Dann und wann trafen sie bei der Jagd auf Jäger aus den in der Nähe lebenden Rudeln. Das Lager der Löwen lag stromabwärts, wo die Urdecha in den großen Fluss mündete, die Luchse waren weiter oben vor den Eiskappen und die Füchse und Raben südlich und westlich von ihnen. Wenn man sich begegnete, war das Anlass zu einer kleinen, kurzen Feier. Sie teilten etwas von ihrem Essen, rauchten zusammen eine Pfeife und saßen eine Weile beisammen, tranken und redeten, bevor jeder wieder seiner Wege ging. Wenn beide Gruppen demselben Tier auf der Spur waren, taten sie sich manchmal zusammen, um die Jagd zu Ende zu bringen, doch dazu kam es nur selten. Die Luchse waren umgänglich und sogar etwas schläfrig, sie erinnerten eher an Geparde als an Luchse. Manche meinten, das käme daher, dass sie auf Reisen meistens kleine Schläuche mit Maische dabeihatten, aus denen sie dann und wann ein Schlückchen nahmen.

Einmal, als Eistaucher draußen mit Heide zum Kräutersammeln unterwegs war, begegneten sie zwei Raben, die Hand in Hand den Weg am Rand der Hochebene entlangspazierten. Nachdem die beiden weitergegangen waren, sagte Eistaucher: — Die habe ich schon mal gesehen.

— Sie sind immer zusammen, sagte Heide.

— Was meinst du damit?, fragte Eistaucher.

— Sie sind ein Paar, wie bei Schwänen.

Eistaucher blickte ihnen durch den Wald nach. — Wirklich?

— So sind sie eben, sagte Heide. Sie sah ihn an. — Wie Falke und Moos, nicht wahr?

— Wie?

— Oder wie Donner und Blauhäher?

— Wie?

Sie musterte ihn eindringlich. Schließlich sagte sie: — Du und Elga, ihr seid doch glücklich, stimmt’s?

— Ja.

— So geht es vielen.

— Aber …

Sie tat sein verwirrtes Stirnrunzeln mit einer Handbewegung ab. — Unser Blick geht nicht so tief, dass wir ganz in uns hineinsehen können. Tief in uns drin sind andere Leute, die Dinge tun und uns mit sich reißen. Jedenfalls scheint mir das so. — Ich habe mich mal in ein Reh verliebt, gestand Eistaucher.
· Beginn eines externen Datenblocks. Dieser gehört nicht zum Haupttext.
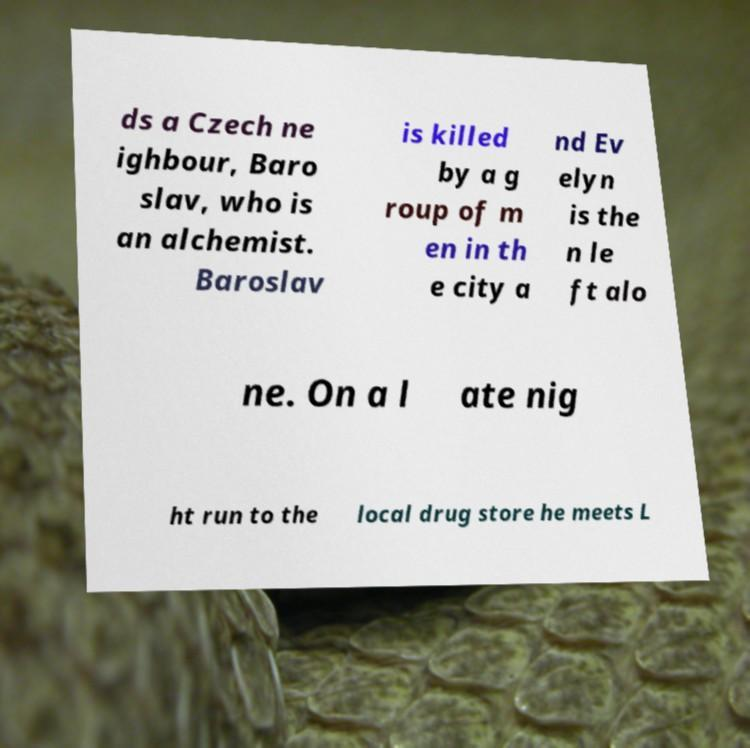Can you read and provide the text displayed in the image?This photo seems to have some interesting text. Can you extract and type it out for me? ds a Czech ne ighbour, Baro slav, who is an alchemist. Baroslav is killed by a g roup of m en in th e city a nd Ev elyn is the n le ft alo ne. On a l ate nig ht run to the local drug store he meets L 
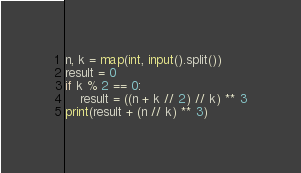Convert code to text. <code><loc_0><loc_0><loc_500><loc_500><_Python_>n, k = map(int, input().split())
result = 0
if k % 2 == 0:
    result = ((n + k // 2) // k) ** 3
print(result + (n // k) ** 3)</code> 
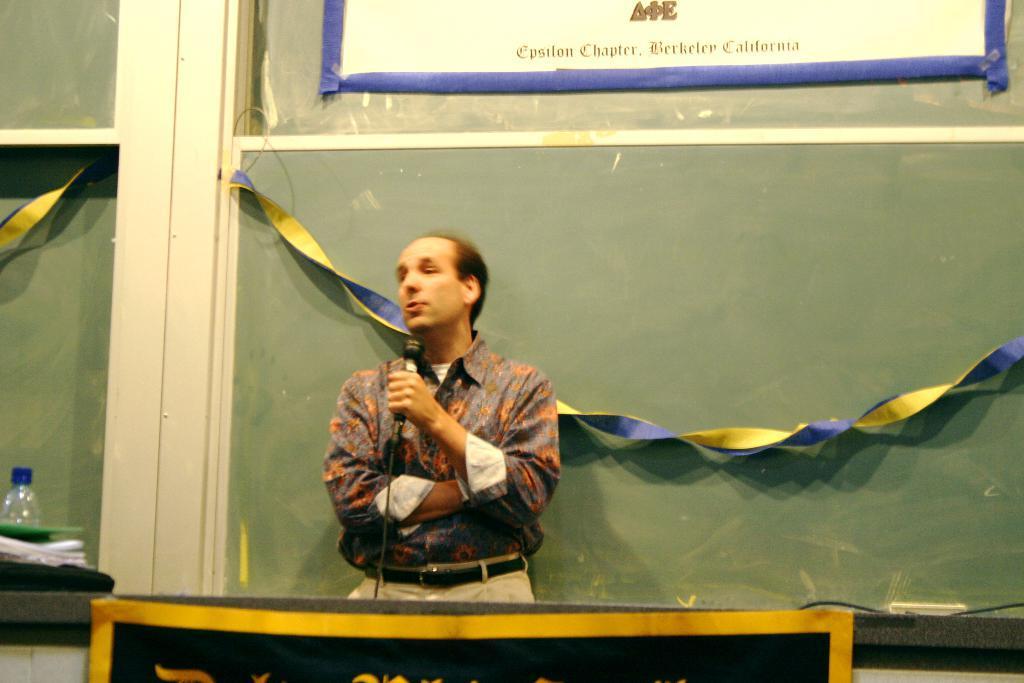Please provide a concise description of this image. In this image there is one person standing in middle of this image and holding a Mic , There is a table in the bottom of this image and there is a wall in the background. there is a white color paper attached on the wall as we can see on the top of this image. There is one bottle kept on the left side of this image.

Als er das sagte, überkam ihn mit einem Mal ein Gefühl der Erleichterung, sogar des Stolzes.

Heide nickte. — Als ich noch ein Mädchen war, habe ich mich einmal in einen Bison verliebt. Es ist aber nichts draus geworden.

Eistaucher starrte sie an. — Dorn?

Heide schüttelte den Kopf. — Nein, Pfeifhase.

Das verblüffte Eistaucher umso mehr. — Der alte Pfeifhase? Dorns Schamane?

Heide nickte.

— Wie war er so?

Heide überlegte. — Tja, er war ein bisschen wie Dorn. Nur noch mehr wie er.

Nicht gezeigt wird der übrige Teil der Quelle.